However, a straightforward alternative is that monetary policy itself provided the anchor for the convergence of expectations, based on the consistent record that any decline in asset prices would be countered by the Federal Reserve with vigorous monetary expansion. Indeed, Alan Greenspan had just arrived at the Federal Reserve at the time of the 1987 stock market crash; he promptly reacted by aggressively lowering policy interest rates. He did it again in 1998 at the time of the LTCM crisis that followed the East Asian and Russian crisis, and even more aggressively after the end of the dot.com bubble in 2000. In all these episodes, there were no adverse effects of falling asset prices on economic activity and subsequently stock prices recovered.

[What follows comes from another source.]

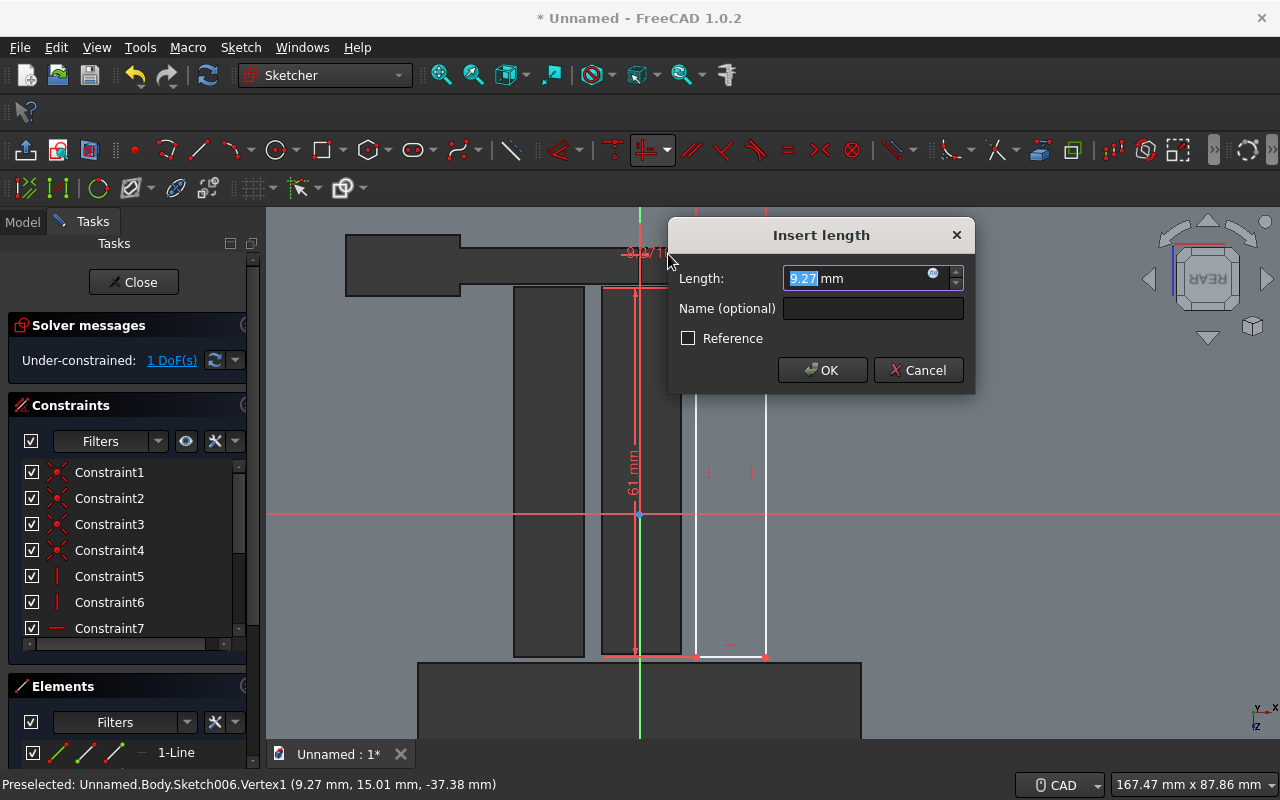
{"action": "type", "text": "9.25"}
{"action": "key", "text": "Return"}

The pattern is clear – the Fed repeatedly and systematically intervened to counter “negative bubbles”, while it remained passive when confronted with accelerating credit and asset prices. This policy approach, long established and clearly announced for over a decade, must have played an important role in bringing about convergent expectations of ever-rising asset prices, which eventually destabilised financial markets and the economy. Such an asymmetric monetary policy creates a gigantic moral hazard problem, whereby all agents expect to be rescued from their mistakes.
They conclude,
... the massive financial instability of 2007-8 was primarily the result of lax monetary policy, mainly in the US. The regulatory system compounded this error by tolerating excessive leverage and maturity transformation by banks in the US and Europe. Innovation did contribute to credit expansion and instability, but in all likelihood, without lax money and excessive leverage, reckless bets on asset price increases would have been much reduced.
Finally, Simon Johnson calls on the Fed for an apology for its failure to even consider financial sector issues in its 2003 FOMC meetings:
[T]his and other FOMC transcripts make it clear that the senior Fed decision makers [in 2003] were not even thinking about the first order financial sector issues. They weren’t aware of what the big investment banks were really doing – show me the intelligence reports before the FOMC or the analytical discussion that indicated any degree of worry. No doubt someone somewhere in the Federal Reserve system was thinking critically about finance – feel free to send me any relevant details - but from the point of view of evaluating the institution, it only counts if the top decision-making body at least has the issues on the table.

[...]

I fully understand that financial market considerations are not the established focus of central bank interest rate deliberations. But the scope and nature of such deliberations has changed a great deal since the founding of the Fed almost 100 years ago. As the economy changes, central banks have to adapt their conceptual frameworks and our broader regulatory frameworks need to change also.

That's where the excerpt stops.